Big Data marketing: how can you harness the power of your data?
Big Data in marketing is revolutionising practices and opening up a whole new world of possibilities for marketing professionals, particularly in terms of improving the customer experience.
At the heart of Big Data lies a phenomenal amount of data collected and analysed by companies. How can you harness all the power of Big Data, from data collection to data analysis, to optimise your marketing techniques? What data can you use to better target your audiences and have a positive impact on the user experience and customer relations?

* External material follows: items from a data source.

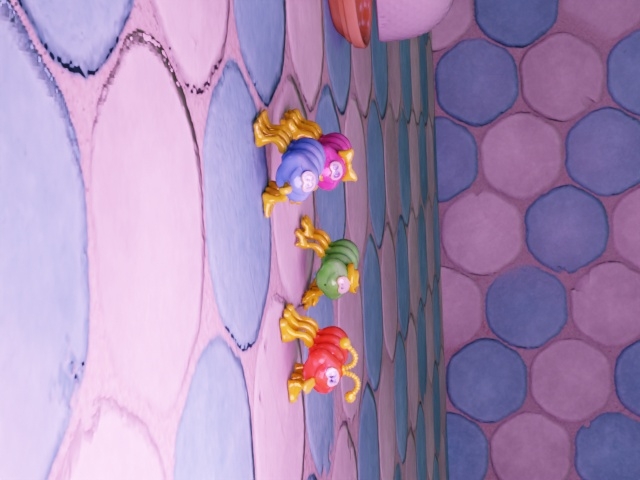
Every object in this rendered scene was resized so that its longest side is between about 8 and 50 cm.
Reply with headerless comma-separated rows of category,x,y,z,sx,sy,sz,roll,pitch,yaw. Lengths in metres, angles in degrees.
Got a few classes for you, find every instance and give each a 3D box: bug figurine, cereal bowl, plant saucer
bug figurine,0.000,0.000,1.066,0.216,0.072,0.279,-74,159,-61
cereal bowl,0.133,-0.448,1.608,0.339,0.141,0.339,-4,90,-86
plant saucer,0.034,-0.336,1.428,0.200,0.037,0.200,-1,90,-81
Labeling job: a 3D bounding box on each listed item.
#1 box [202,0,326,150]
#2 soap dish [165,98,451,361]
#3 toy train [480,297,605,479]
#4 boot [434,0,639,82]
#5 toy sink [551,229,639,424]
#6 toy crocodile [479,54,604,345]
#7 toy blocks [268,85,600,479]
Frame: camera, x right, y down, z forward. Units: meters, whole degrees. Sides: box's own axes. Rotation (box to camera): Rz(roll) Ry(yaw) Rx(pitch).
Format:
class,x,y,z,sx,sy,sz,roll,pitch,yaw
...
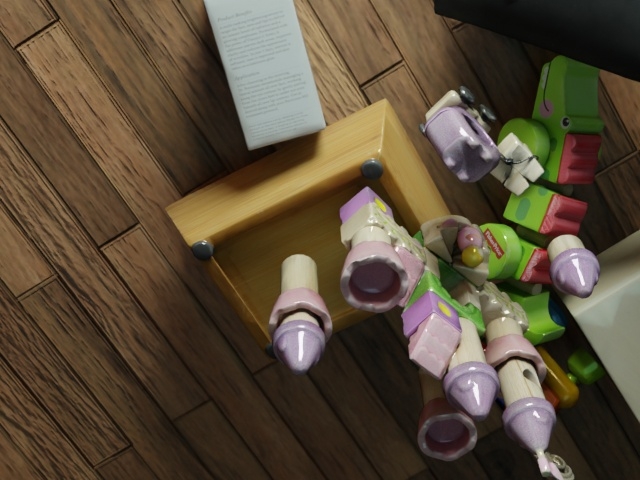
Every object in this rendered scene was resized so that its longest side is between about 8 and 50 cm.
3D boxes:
class,x,y,z,sx,sy,sz,roll,pitch,yaw
box,-0.061,-0.205,1.145,0.091,0.130,0.170,-15,110,3
soap dish,0.000,0.000,1.208,0.291,0.118,0.229,-25,117,12
toy train,0.291,0.191,1.274,0.143,0.105,0.248,-38,64,-1
boot,0.319,-0.178,1.070,0.445,0.146,0.367,24,105,6
toy sink,0.420,0.123,1.296,0.153,0.131,0.234,-33,104,8
toy crocodile,0.263,-0.045,1.209,0.115,0.105,0.340,4,105,-38
toy blocks,0.137,0.077,1.038,0.289,0.260,0.309,38,112,-20
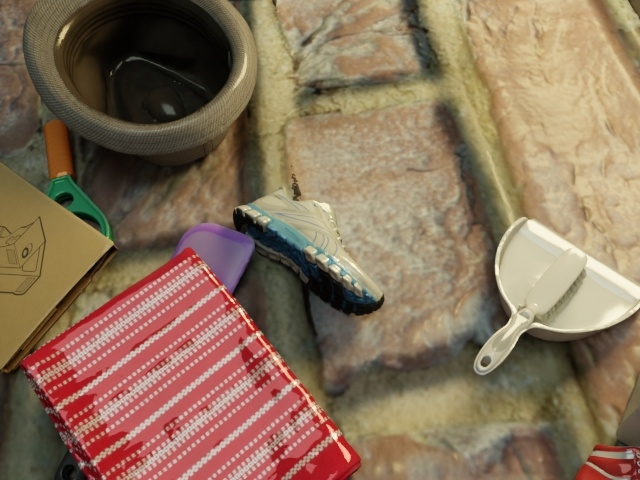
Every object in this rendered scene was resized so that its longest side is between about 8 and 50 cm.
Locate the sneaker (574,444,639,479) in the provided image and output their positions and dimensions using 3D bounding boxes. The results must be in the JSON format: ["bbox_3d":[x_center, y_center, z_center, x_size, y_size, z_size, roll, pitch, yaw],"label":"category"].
[{"bbox_3d":[0.273,0.214,0.555,0.118,0.042,0.067,26,65,21],"label":"sneaker"}]

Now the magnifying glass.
[{"bbox_3d":[-0.295,-0.051,0.777,0.092,0.026,0.231,-16,56,-6],"label":"magnifying glass"}]

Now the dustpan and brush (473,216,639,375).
[{"bbox_3d":[0.209,0.063,0.648,0.147,0.060,0.211,36,66,24],"label":"dustpan and brush"}]

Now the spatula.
[{"bbox_3d":[-0.166,0.106,0.662,0.084,0.030,0.296,21,61,18],"label":"spatula"}]

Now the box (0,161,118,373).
[{"bbox_3d":[-0.337,0.019,0.716,0.201,0.021,0.164,32,75,24],"label":"box"}]

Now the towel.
[{"bbox_3d":[-0.119,0.155,0.603,0.199,0.031,0.275,-35,71,-19],"label":"towel"}]

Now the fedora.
[{"bbox_3d":[-0.201,-0.192,0.803,0.275,0.124,0.244,40,69,16],"label":"fedora"}]

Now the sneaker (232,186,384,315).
[{"bbox_3d":[0.000,0.000,0.700,0.190,0.071,0.083,37,60,24],"label":"sneaker"}]

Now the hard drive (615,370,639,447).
[{"bbox_3d":[0.355,0.012,0.582,0.040,0.210,0.319,26,62,20],"label":"hard drive"}]
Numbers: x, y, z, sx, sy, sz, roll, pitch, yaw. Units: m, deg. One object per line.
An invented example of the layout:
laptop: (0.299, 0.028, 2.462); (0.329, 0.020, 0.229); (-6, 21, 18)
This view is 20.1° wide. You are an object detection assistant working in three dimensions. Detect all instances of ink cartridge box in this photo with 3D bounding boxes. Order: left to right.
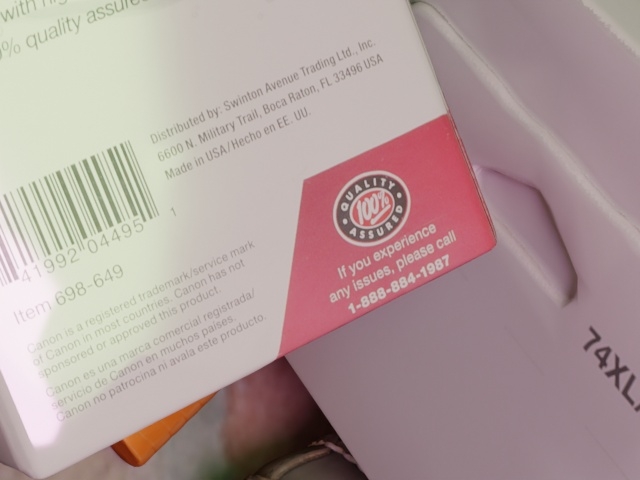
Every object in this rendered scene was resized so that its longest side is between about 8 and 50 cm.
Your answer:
ink cartridge box: (-0.067, -0.068, 0.515); (0.158, 0.092, 0.218); (-26, 103, -22)
ink cartridge box: (0.161, 0.010, 0.634); (0.270, 0.198, 0.197); (-3, 130, -34)

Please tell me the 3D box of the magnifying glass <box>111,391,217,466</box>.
magnifying glass: (0.000, 0.000, 0.713); (0.231, 0.026, 0.092); (-45, 109, -24)

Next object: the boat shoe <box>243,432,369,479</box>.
boat shoe: (0.048, 0.217, 0.671); (0.091, 0.109, 0.305); (-21, 88, -26)

Ready to apply Big Data to your strategies and achieve your growth objectives?
Dive into the fascinating world of data and analytics:
Big Data marketing: definition
Big Data, the term used to describe the sheer volume of data generated by the use of new technologies, is becoming increasingly important for businesses. It is becoming a genuine strategic tool, in particular by transforming the modern marketing approach in depth.
The role of big data in marketing
In a data-driven world, Big Data opens up vast possibilities for strengthening marketing strategy, particularly in terms of customer knowledge. Its role will be to optimise the user experience, nurture customer relationships and, ultimately, foster customer engagement.
Company employees use this data in real time to improve marketing communications with their customers and identify business opportunities in digital media.
More broadly, companies use this Big Data for analysis and foresight purposes to maintain or create new competitive advantages in their market.
💡 Having access to large volumes of data will not automatically lead to an increase in sales or the development of better strategies. While Big Data is an essential raw material for decision-making, its value lies in the way it is used: the choices made and the actions implemented.
Big Data marketing issues
With the digital transformation of businesses, the main problem with Big Data applied to marketing is to extract relevant perceptions and interpretations from the mass of data extracted.
Considering the 4 main principles of Big Data :
ConseilsMarketing
- Volume: the company must be able to process and analyse a certain volume of data in order to draw meaningful conclusions;
- Speed: work teams need to be able to process information very quickly, even in real time, in order to make the most of relevant information;
- Variety: marketing must exploit all relevant data sources, then sort and process the most useful information;
- Veracity: marketers must use verified information. The effectiveness of actions depends on the quality of the data.
With this in mind, analysis, visualisation and reporting tools are essential to give meaning to the data.
Benefits: what can Big Data do for marketing?
A winning marketing strategy
Why use Big Data in marketing? Because it's part of an approach that creates measurable added value for the company.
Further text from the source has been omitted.